## INPUT MATERIAL
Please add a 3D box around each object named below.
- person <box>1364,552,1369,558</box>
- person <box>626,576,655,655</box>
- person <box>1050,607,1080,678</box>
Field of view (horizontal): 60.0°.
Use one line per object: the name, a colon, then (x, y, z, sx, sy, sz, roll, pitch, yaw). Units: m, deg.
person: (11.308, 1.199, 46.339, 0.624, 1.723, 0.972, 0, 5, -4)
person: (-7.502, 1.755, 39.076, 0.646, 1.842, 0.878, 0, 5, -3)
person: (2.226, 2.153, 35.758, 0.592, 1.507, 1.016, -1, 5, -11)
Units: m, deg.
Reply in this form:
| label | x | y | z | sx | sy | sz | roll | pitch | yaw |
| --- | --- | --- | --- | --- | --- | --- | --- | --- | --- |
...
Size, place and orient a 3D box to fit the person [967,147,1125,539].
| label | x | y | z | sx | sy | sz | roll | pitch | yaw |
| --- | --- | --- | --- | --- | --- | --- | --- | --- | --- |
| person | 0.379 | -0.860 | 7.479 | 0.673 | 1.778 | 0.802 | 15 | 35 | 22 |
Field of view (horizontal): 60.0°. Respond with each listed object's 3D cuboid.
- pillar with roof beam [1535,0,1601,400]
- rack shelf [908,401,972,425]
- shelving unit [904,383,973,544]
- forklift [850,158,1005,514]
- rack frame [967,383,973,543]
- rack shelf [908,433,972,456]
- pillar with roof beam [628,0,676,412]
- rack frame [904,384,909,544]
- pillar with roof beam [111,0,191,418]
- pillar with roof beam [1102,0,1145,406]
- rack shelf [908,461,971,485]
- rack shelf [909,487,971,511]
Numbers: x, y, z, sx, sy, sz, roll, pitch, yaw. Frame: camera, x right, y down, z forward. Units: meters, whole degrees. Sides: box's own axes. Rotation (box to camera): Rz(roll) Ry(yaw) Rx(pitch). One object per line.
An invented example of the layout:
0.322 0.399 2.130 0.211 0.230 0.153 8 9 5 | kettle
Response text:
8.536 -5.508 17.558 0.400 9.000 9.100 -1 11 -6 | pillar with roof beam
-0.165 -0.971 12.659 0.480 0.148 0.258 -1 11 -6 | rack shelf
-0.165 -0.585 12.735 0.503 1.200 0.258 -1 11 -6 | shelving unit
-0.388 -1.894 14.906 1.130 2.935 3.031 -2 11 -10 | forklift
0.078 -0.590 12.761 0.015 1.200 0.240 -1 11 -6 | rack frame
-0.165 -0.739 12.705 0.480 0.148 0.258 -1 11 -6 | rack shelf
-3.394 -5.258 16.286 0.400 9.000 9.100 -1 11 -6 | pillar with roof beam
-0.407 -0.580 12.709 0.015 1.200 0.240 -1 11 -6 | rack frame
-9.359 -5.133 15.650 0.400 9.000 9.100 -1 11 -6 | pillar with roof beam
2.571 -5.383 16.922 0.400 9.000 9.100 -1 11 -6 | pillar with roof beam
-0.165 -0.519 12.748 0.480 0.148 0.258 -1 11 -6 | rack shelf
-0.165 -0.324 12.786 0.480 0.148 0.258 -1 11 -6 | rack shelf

## TO DO
The answer should be one number, the count of lines in this material that include the word "view".

## TASK OUTPUT
2